» **Required work**
Write each entry again exactly as shown, but without the images it holds.

» **Provided data**
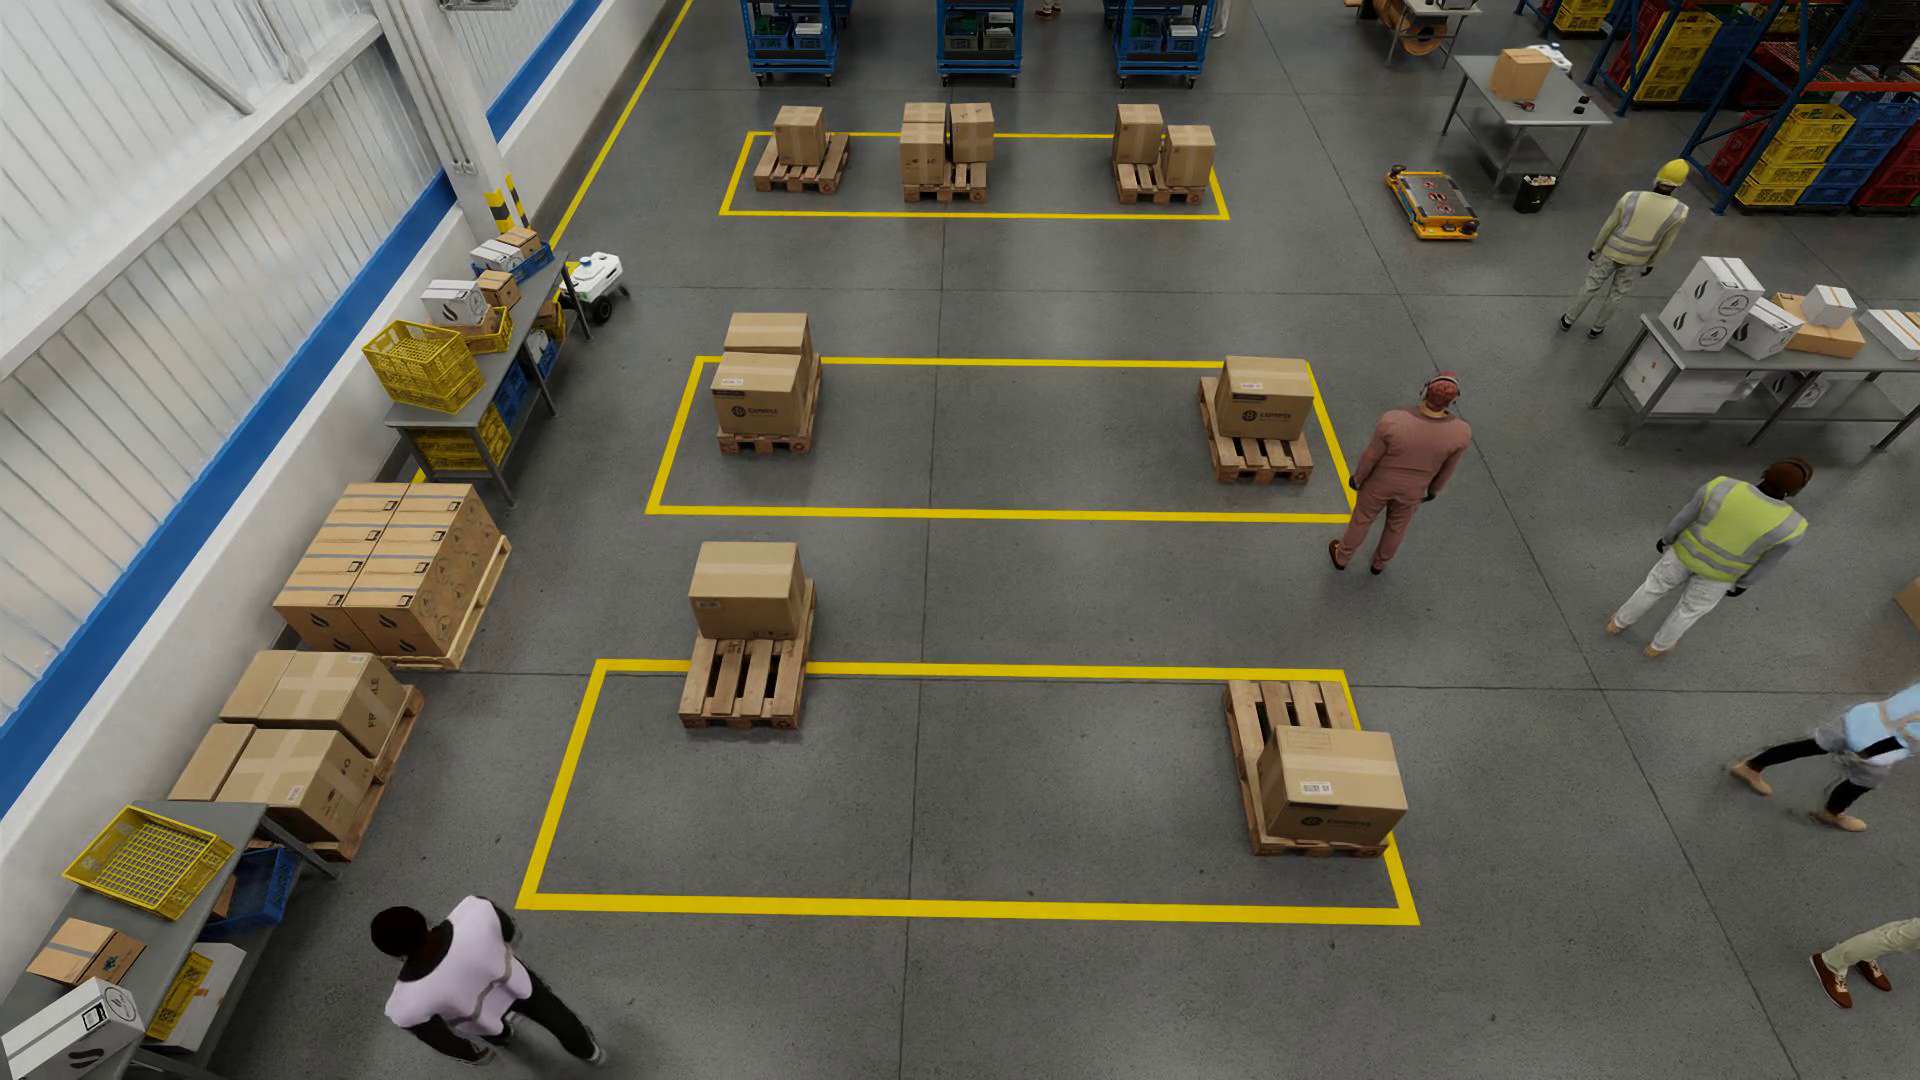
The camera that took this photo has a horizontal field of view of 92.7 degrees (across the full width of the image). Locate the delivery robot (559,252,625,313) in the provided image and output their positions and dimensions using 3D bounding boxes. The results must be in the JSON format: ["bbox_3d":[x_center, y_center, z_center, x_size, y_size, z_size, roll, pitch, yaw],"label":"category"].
[{"bbox_3d":[-3.874,-2.746,9.646,0.477,0.478,0.707,14,51,12],"label":"delivery robot"}]

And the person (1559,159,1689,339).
[{"bbox_3d":[6.483,-2.805,8.914,0.598,1.836,0.404,26,54,21],"label":"person"}]

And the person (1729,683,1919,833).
[{"bbox_3d":[5.606,1.216,5.556,0.847,1.632,0.545,25,53,20],"label":"person"}]

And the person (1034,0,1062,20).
[{"bbox_3d":[1.480,-9.384,14.504,0.372,1.997,0.622,36,58,27],"label":"person"}]

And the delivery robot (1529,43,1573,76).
[{"bbox_3d":[8.495,-6.906,13.244,0.477,0.478,0.707,-6,49,-4],"label":"delivery robot"}]

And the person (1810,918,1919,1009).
[{"bbox_3d":[5.296,1.973,4.763,0.521,1.865,0.334,-10,50,-9],"label":"person"}]

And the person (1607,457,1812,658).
[{"bbox_3d":[5.199,0.127,6.374,0.429,1.844,0.624,-30,55,-23],"label":"person"}]

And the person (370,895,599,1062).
[{"bbox_3d":[-2.424,2.185,4.563,0.914,1.887,0.596,23,53,18],"label":"person"}]

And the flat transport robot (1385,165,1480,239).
[{"bbox_3d":[5.692,-4.094,11.059,0.652,0.197,1.431,1,49,1],"label":"flat transport robot"}]

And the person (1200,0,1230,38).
[{"bbox_3d":[4.069,-8.682,14.137,0.314,1.632,0.518,-26,54,-21],"label":"person"}]

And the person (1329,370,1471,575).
[{"bbox_3d":[3.264,-0.468,6.847,0.651,1.905,0.403,10,50,8],"label":"person"}]
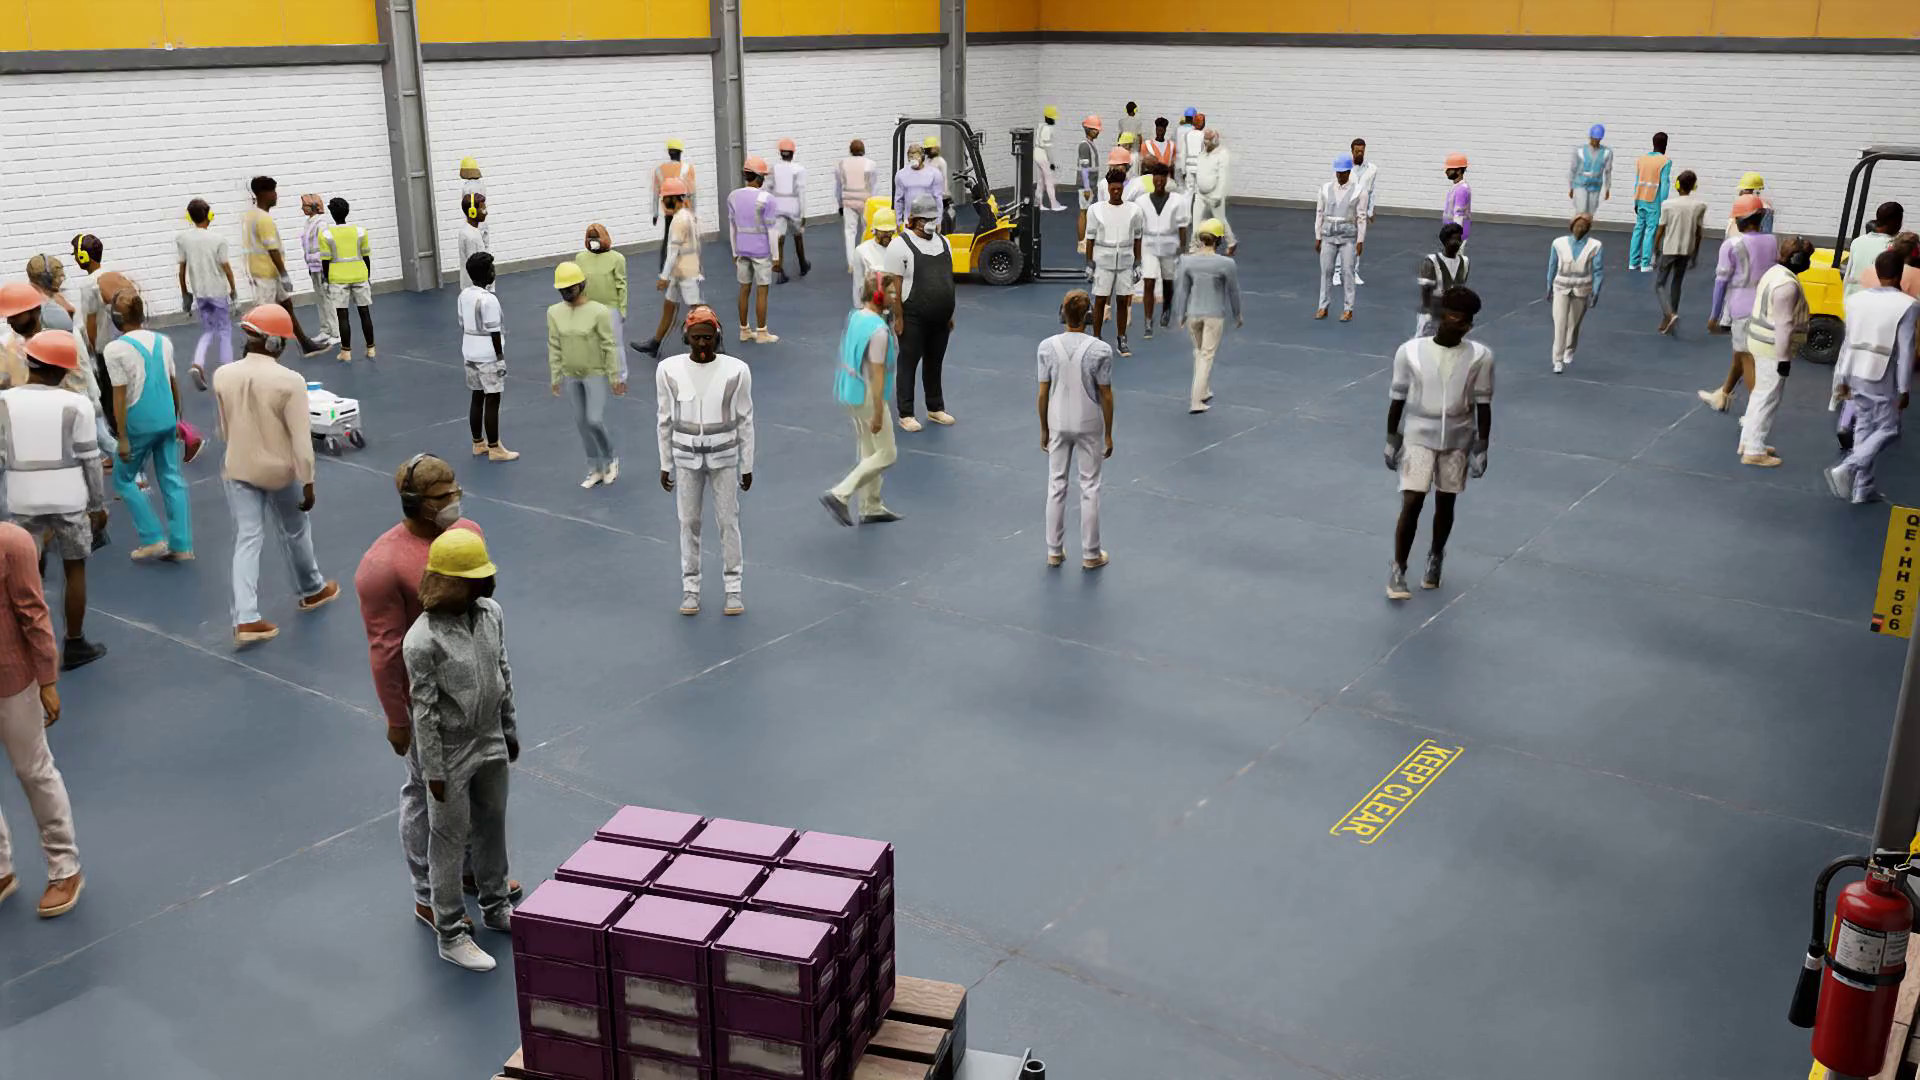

» **Output below**
The camera that took this photo has a horizontal field of view of 92.7 degrees (across the full width of the image). Locate the delivery robot (559,252,625,313) in the provided image and output their positions and dimensions using 3D bounding boxes. The results must be in the JSON format: ["bbox_3d":[x_center, y_center, z_center, x_size, y_size, z_size, roll, pitch, yaw],"label":"category"].
[{"bbox_3d":[-3.874,-2.746,9.646,0.477,0.478,0.707,14,51,12],"label":"delivery robot"}]

And the person (1559,159,1689,339).
[{"bbox_3d":[6.483,-2.805,8.914,0.598,1.836,0.404,26,54,21],"label":"person"}]

And the person (1729,683,1919,833).
[{"bbox_3d":[5.606,1.216,5.556,0.847,1.632,0.545,25,53,20],"label":"person"}]

And the person (1034,0,1062,20).
[{"bbox_3d":[1.480,-9.384,14.504,0.372,1.997,0.622,36,58,27],"label":"person"}]

And the delivery robot (1529,43,1573,76).
[{"bbox_3d":[8.495,-6.906,13.244,0.477,0.478,0.707,-6,49,-4],"label":"delivery robot"}]

And the person (1810,918,1919,1009).
[{"bbox_3d":[5.296,1.973,4.763,0.521,1.865,0.334,-10,50,-9],"label":"person"}]

And the person (1607,457,1812,658).
[{"bbox_3d":[5.199,0.127,6.374,0.429,1.844,0.624,-30,55,-23],"label":"person"}]

And the person (370,895,599,1062).
[{"bbox_3d":[-2.424,2.185,4.563,0.914,1.887,0.596,23,53,18],"label":"person"}]

And the flat transport robot (1385,165,1480,239).
[{"bbox_3d":[5.692,-4.094,11.059,0.652,0.197,1.431,1,49,1],"label":"flat transport robot"}]

And the person (1200,0,1230,38).
[{"bbox_3d":[4.069,-8.682,14.137,0.314,1.632,0.518,-26,54,-21],"label":"person"}]

And the person (1329,370,1471,575).
[{"bbox_3d":[3.264,-0.468,6.847,0.651,1.905,0.403,10,50,8],"label":"person"}]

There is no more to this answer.